XXVII (Part 1)

4.5K 311 1.5K
                                    

Dönem, çocuklar için gürültülü başladı.

Zayn'in derslerde birinci olduğu (ardından da Liam geliyordu) açıklandığında, bir kez daha okulun konuştuğu tek konu o olmuştu. Louis geçen gün bir kızın, "Zeka, güzellik ve para mı? İşte hayaller bunlardan ibaret!" dediğini duymuştu. Bu cümleyi kahkahalı onaynamalar ve kısa bir kızgınlık dalgası takip etmiş ve midesinin bulanmasına neden olmuştu.

Çünkü cidden mi? Vay canına.

Bunun okul gazetesinde —Liam'ın kendisi tarafından tasarlanmıştı ki bunu her fırsatta gururla dile getirmekten geri kalmıyordu— basılmasının hemen ardından Zayn ona öğle yemeği için şapelin hemen yanında buluşmalarını söylediği mesajı attıktan sonra rektörün kendisi ile karşı karşıya gelme gibi rahatsız edici derecede tuhaf şoku yaşamıştı. Orada, ölü sarmaşıkların ve kışın beyaz göklerine doğru yükselen kadim sessiz taşın yanında, ruh hayvanı muhtemelen pirana veya vampir olan sert çehreli, uzun boylu, kömür saçlı ve pürüzsüz tarçın tenli, biraz ürkütücü bir adam duruyordu.

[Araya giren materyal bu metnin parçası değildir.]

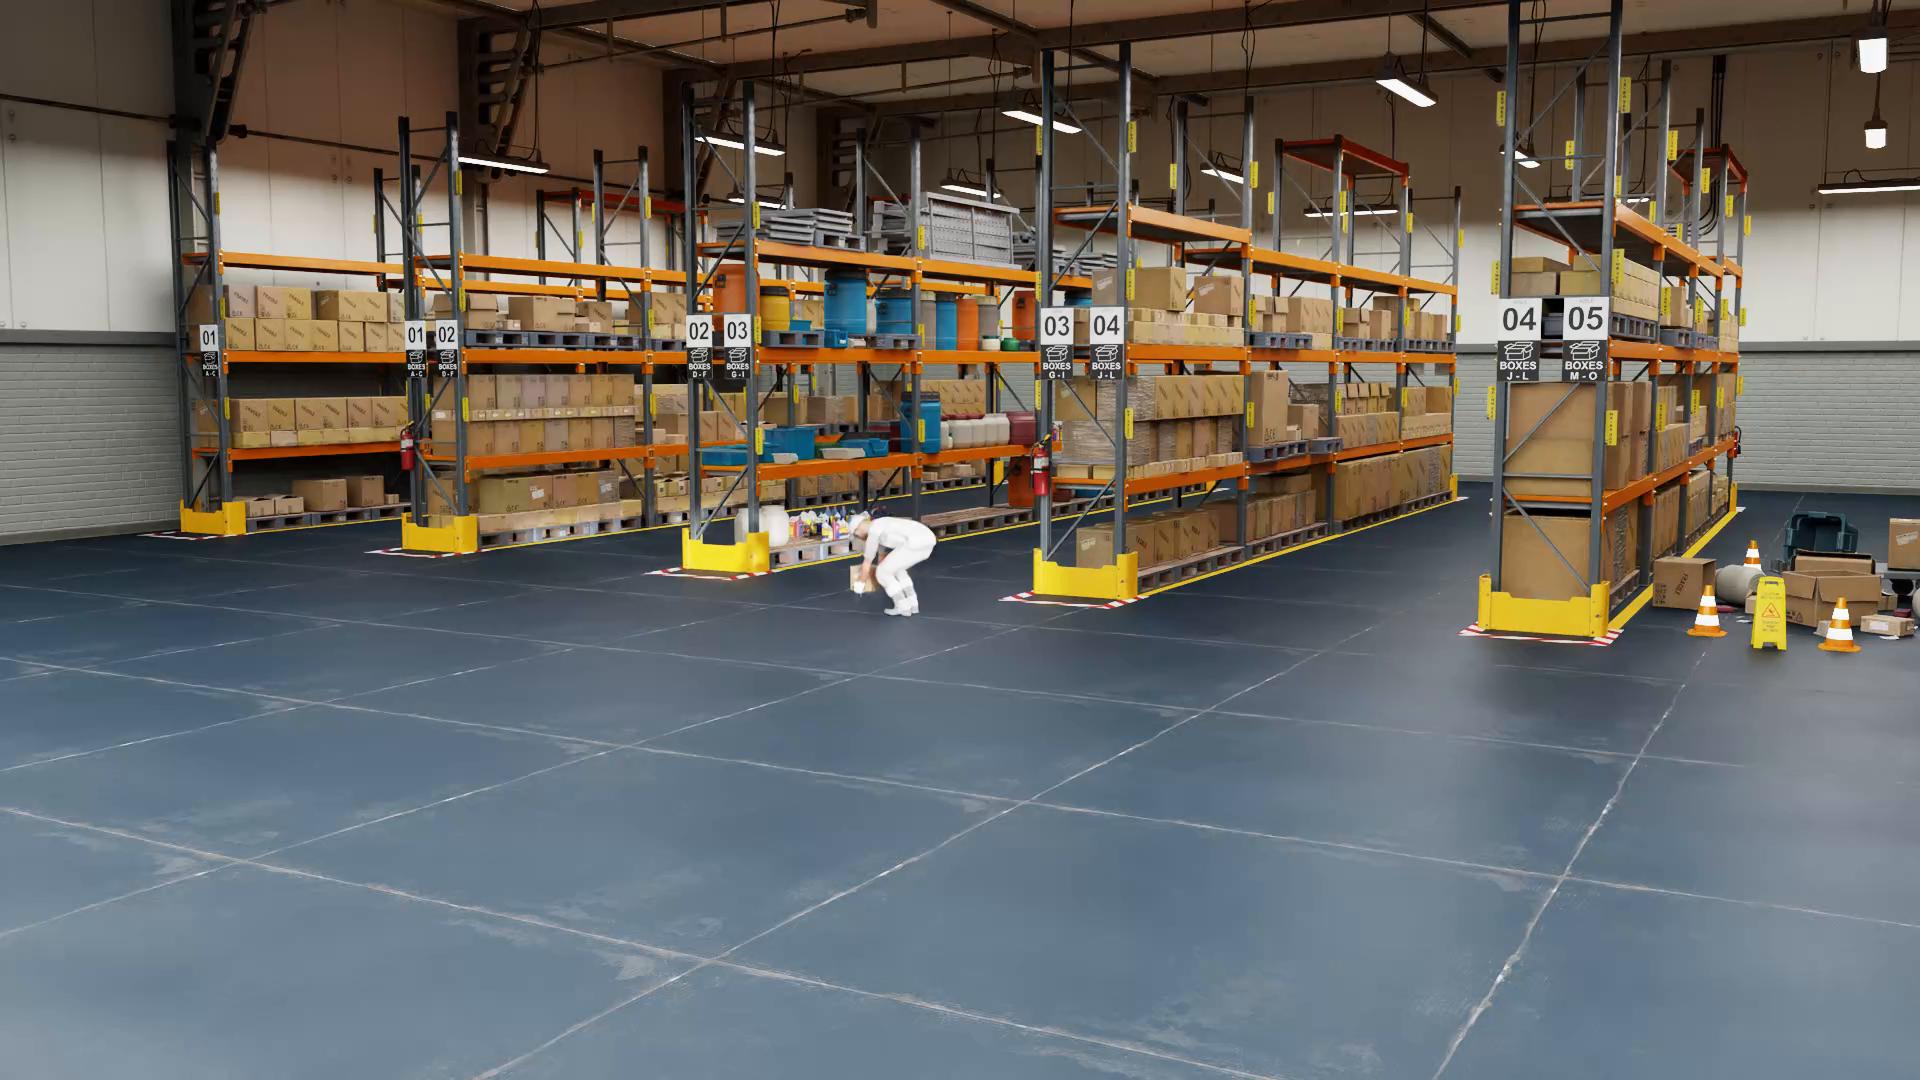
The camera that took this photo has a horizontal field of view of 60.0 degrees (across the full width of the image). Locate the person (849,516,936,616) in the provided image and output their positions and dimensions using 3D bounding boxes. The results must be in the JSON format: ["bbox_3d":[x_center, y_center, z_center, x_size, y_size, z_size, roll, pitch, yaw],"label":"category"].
[{"bbox_3d":[-0.724,0.260,17.269,0.957,1.004,0.531,3,7,26],"label":"person"}]

Ve böylece, Zayn'e 'Bu lanet bir şaka mı, neden bana bunu yapıyorsun?' bakışları göndererek —Zayn karşılığında sadece rahatlıkla gülümsemiş ve babasıyla kısık sesli cümleler mırıldanmaya devam etmişti— çifte doğru adımladı.

"Louis Tomlinson?" diye sordu Khan Malik satenimsi bir sesle, güçlü ve değer ölçer bir şekilde. Ve lanet olsun, bu gerçekten korkutucuydu, zira yanlış bir hareketiyle bu adam Louis'nin okuldan kovulmasını sağlayabilirdi. Muhtemelen kıtadan sınır dışı edebilirdi. Zenginlerin limitleri olmadığını biliyordu.

"Louis Tomlinson," diye onayladı Louis, adamın elini sıktığında yalnızca tutuşundaki güçle kemiklerinin elmaslara sıkıştığını hissetti.

"Oğlumdan sizinle ilgili harikulade şeyler duydum," diyerek Louis'nin elini bıraktı ve ona keskin kara gözlerle bakmaya başladı. "Ders programı dışında uğraştığınız bir şey var mı? Gazete? Kurul? O alanlarda adınızı duyduğumu sanmıyorum."

Pekala.

"Ah, hayır," dedi Louis ellerini ceplerine sokup çenesini desenli atkısının içine iyice gömerek. "Ben daha çok izleyici olmayı tercih ediyorum." Yalan. "Ama gelecek sene tiyatro kulübüne katılmayı düşünüyordum." Omuzlarını silkti. "Fırsatlar beni bekliyor, falan filan işte."

Khan Malik başını sallayarak onu yakından kırpmadığı gözleriyle izliyordu. "Kesinlikle. Bana kalırsa, ben katılımcı olmanızdan yanayım. En parlak öğrencilerimizin göz önünde olmalarından gurur duyarız — bu tamamen bizim kendimizi aksettirir. Şöhretimizin bir nedeni var, Bay Tomlinson."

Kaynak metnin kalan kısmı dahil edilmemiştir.